Grave Mistakes (Hellgate Guardians #1)(18)
“Pranking you?” he drawls. “I don’t have time to prank Diluted.”
“I have no idea what that means!” I snap. “I almost scythed their asses, Iceman. I need to be informed if people are going to be in the cemetery and if they’re permitted to be there. I looked like an idiot.” Leather pants notwithstanding.
“Scythed them? Wait. Who did you see? Quīnque?” he asks, his voice taking on a more serious tone. “Even you should’ve been able to handle that.”
That fucking word again. “What the hell is a Kink-ay?” I ask in a huff. Is this a weird way of saying kinky? I shake my head before pressing the button again. “Listen, I saw the bosses, like I already told you, and they had weird names, Iceman. Weird. Names.”
“Says the girl who wanted to call me Goose.”
“It was merely a suggestion,” I staunchly defend.
“Who was it? No one should have been able to breach the gate tonight. We had it covered.”
“Their names were Echo, Jerif, and Crux.” I bite my lip in thought. “Shit, maybe they tricked me. They aren’t the bosses, are they? They totally made that up so I wouldn’t kick them out.” I slap a palm to my forehead. “Dammit, I think I got played. You’d better send some backup down here so we can chase them out of here. I left them in the mausoleum like a fucking rookie.”
There’s a long pause. So long, in fact, that I snap back on. “Iceman? You there?”
“Maverick, I need you to come to the main house.”
I frown at the radio warily. “Why?”
“Just come. Now...please.”
“Iceman?” I radio back, but all I get is static. “Shit.”
I blow out a breath, my eyes bouncing around the dark cemetery, the moonlight casting mocking shadows all around me. With nothing else to do, I drag myself up the path, making the very long trek back to the main house, as questions swirl in my head. I’m so confused about all of this, and it looks like the main house discussion is happening tonight whether I want to or not.
Well, if this all goes horribly wrong, at least they gave me a weapon.
Somehow, on day one, I’ve already fucked this up. I’m not even sure how much yet. It all went so wrong so fast. I sigh and try not to stomp my way back to the estate like some whiny kid being forced to do something they don’t want to. At least if Iceman fires me in person, I’ll be able to put a face to his sexy ass voice. Silver lining.
5
“Shit on a stick,” I grumble to myself as I approach the large, dimly lit mansion.
There are about a million doors and windows in this place, and I have no idea which one I’m supposed to knock on. I’ll probably get my ass handed to me by the butler again.
I debate for two seconds whether I should try for the back or the front of the house, but since I’m failing to see anything that’s marked servants’ entrance, I decide the front is probably my best bet.
I pass the fountain, the gardens, and the patio, and find myself climbing back up the stairs to the front door. I knock, cringing at the booming echo that it creates on the other side of the door. I look at my hand like it’s betrayed me. I swear I didn’t even knock that hard, and now it sounds like I’m demanding entrance. I step back and try to adopt some kind of mien that will convince Grumpy Lurch that I’m not actually trying to break the door down. I go with a half smile and some innocent blinks.
The door slowly opens with an ominous creak that I swear didn’t happen before, and the butler looks down at me with a sigh. “Yes?”
“Hey there,” I say, giving the butler an awkward two-fingered wave. “Me again.”
His pronounced brow wrinkles with irritation. “Why are you here again?” he asks.

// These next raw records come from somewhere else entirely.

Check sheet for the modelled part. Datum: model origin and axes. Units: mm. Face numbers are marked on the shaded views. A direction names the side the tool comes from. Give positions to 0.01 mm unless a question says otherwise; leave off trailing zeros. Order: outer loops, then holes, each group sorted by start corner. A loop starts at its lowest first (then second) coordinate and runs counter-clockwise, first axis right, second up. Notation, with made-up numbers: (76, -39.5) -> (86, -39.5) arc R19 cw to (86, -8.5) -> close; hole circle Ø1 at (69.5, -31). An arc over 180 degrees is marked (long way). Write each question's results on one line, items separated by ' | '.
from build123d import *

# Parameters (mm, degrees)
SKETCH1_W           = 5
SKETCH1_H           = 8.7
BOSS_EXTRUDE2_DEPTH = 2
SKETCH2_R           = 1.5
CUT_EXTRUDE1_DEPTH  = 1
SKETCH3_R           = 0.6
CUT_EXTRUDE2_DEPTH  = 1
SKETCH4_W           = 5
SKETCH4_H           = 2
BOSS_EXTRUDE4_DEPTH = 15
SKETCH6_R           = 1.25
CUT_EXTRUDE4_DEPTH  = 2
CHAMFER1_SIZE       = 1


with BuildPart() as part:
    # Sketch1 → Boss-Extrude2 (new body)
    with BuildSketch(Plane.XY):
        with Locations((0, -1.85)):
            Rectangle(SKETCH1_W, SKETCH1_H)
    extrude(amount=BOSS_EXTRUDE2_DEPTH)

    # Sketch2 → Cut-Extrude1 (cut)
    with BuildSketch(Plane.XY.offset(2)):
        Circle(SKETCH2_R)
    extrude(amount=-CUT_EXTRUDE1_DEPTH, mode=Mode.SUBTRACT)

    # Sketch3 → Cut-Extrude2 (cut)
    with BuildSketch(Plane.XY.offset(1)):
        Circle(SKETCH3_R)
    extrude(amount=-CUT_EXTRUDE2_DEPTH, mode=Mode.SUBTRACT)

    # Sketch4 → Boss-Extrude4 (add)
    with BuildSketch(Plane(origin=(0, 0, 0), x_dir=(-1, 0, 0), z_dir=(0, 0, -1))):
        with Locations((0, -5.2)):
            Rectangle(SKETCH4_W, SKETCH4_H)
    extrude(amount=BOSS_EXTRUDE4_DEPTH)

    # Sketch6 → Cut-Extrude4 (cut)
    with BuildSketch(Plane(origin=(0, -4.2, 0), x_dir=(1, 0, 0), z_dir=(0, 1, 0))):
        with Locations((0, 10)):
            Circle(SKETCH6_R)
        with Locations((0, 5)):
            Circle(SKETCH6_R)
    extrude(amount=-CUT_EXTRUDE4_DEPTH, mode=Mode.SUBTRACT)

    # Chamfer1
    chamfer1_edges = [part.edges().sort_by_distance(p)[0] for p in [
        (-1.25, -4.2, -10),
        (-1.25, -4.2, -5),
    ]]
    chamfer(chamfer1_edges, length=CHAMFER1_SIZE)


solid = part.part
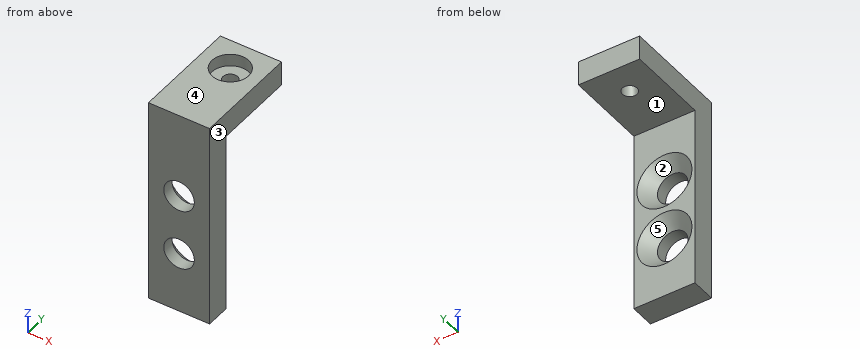
1. Access from +Z, -Z, +X, -X, +Y, -Y to the whole of each face (thin tool, end or side, straight path). Record for the marked faces 1 and 2.
Verdict:
face 1: -Z, +X, -X, +Y | face 2: +Y
2. Gauge pin test, flat ends, axial feed: pin 1 Ø3 at (x, y) = (-1, -2) entering from -Z; pin 2 Ø5 at (y, z) = (1, -4) entering from +X; pin 3 Ø1.5 at (x, z) = (1, -8.5) entering from +Y; pin 4 Ø3 at (x, z) = (0, -10) entering from +Y. Record the tip position at first contact, or that the pin passes through.
Verdict:
pin 1: stops at z = 0 | pin 2: passes through | pin 3: stops at y = -4.2 | pin 4: stops at y = -4.95
3. Section check B-B on y = 0. Record the cut outline in (x, z).
Verdict:
outline: (-2.5, 0) -> (-0.6, 0) -> (-0.6, 1) -> (-1.5, 1) -> (-1.5, 2) -> (-2.5, 2) -> close; (0.6, 0) -> (2.5, 0) -> (2.5, 2) -> (1.5, 2) -> (1.5, 1) -> (0.6, 1) -> close
4. Mould release check, pull along X, two halves, no side actions. Record for the marked faces 3, 4 and 5: +X half, -X half, draft (parallel to the pull), parting line (faces both ways), or undercut.
Verdict:
face 3: +X half | face 4: draft | face 5: undercut
5. Material ranges on probe 1 along Z at (x, y) = (0, -5.45); probe 2 along Y at (x, z) = (0, 1.85); probe 3 along Z at (x, y) = (-0.2, -4.5), recorded low to high. Write a range as from..to.
Verdict:
probe 1: z = -15..-11.25, -8.75..-6.25, -3.75..2 | probe 2: y = -6.2..-1.5, 1.5..2.5 | probe 3: z = -15..-11.94, -8.06..-6.94, -3.06..2
6. Section check A-A on z = -10. Record the cut outline in (x, y), then the cut area to 3 significant figures.
Verdict:
outline: (-2.5, -6.2) -> (-1.25, -6.2) -> (-1.25, -5.2) -> (-2.25, -4.2) -> (-2.5, -4.2) -> close; (1.25, -6.2) -> (2.5, -6.2) -> (2.5, -4.2) -> (2.25, -4.2) -> (1.25, -5.2) -> close | area: 4.00 mm^2
7. Section check D-D on y = -5.5. Record the cut outline in (x, z).
Verdict:
outline: (-2.5, -15) -> (2.5, -15) -> (2.5, 2) -> (-2.5, 2) -> close; hole circle Ø2.5 at (0, -10); hole circle Ø2.5 at (0, -5)
8. Section check C-C on x = 0. Record the cut outline in (y, z), then the cut area to 3 significant figures.
Verdict:
outline: (-6.2, -15) -> (-4.2, -15) -> (-4.2, -12.25) -> (-5.2, -11.25) -> (-6.2, -11.25) -> close; (-6.2, -8.75) -> (-5.2, -8.75) -> (-4.2, -7.75) -> (-4.2, -7.25) -> (-5.2, -6.25) -> (-6.2, -6.25) -> close; (-6.2, -3.75) -> (-5.2, -3.75) -> (-4.2, -2.75) -> (-4.2, 0) -> (-0.6, 0) -> (-0.6, 1) -> (-1.5, 1) -> (-1.5, 2) -> (-6.2, 2) -> close; (0.6, 0) -> (2.5, 0) -> (2.5, 2) -> (1.5, 2) -> (1.5, 1) -> (0.6, 1) -> close | area: 31.2 mm^2

“I was told to come to the main house immediately,” I croak out and then try to clear my throat of the toad that seems to have recently parked itself there.
The longer he looks at me, the more I contemplate just hopping on my moped and booking it the fuck out of here right now, but I keep telling myself that everything is fine, that Grumpy Lurch here doesn’t freak me out. That the trio in the mausoleum weren’t serial killers, and that Iceman isn’t leading me to my demise—either by employment termination or actual death.
Honestly, the only reason I haven’t ditched this whole scene already is because I’m not ready to let go of the daydreams I’ve been swimming in of what it will be like to have some money.
Besides, I could totally be overreacting. I’ve been known to do that from time to time. They’re having a party here tonight and that makes disposing of a body or firing an employee super messy, right? Maybe they really do just want to give me a promotion or something because they think I’m overqualified, though I have no fucking clue why.
“You came to the front door after I informed you earlier to never use the front door again?” he asks, his dark eyes matching the under-eye circles he has going on.
I shift nervously on my feet. At least he hasn’t commented on my outfit. “Yeah, you know, in hindsight, the back door would’ve been a better choice, but slap my ass and call me a rebel,” I joke nervously. He just stares at me. I blow out a breath. “Okay, I’m sorry, but it doesn’t help that you have about fifty back doors. For people who seem to be big fans of labeling”—I point to the name tag still stuck to my tank top—“you think you’d have at least one of those doors labeled with something classy and simple like Peasants Enter Here.”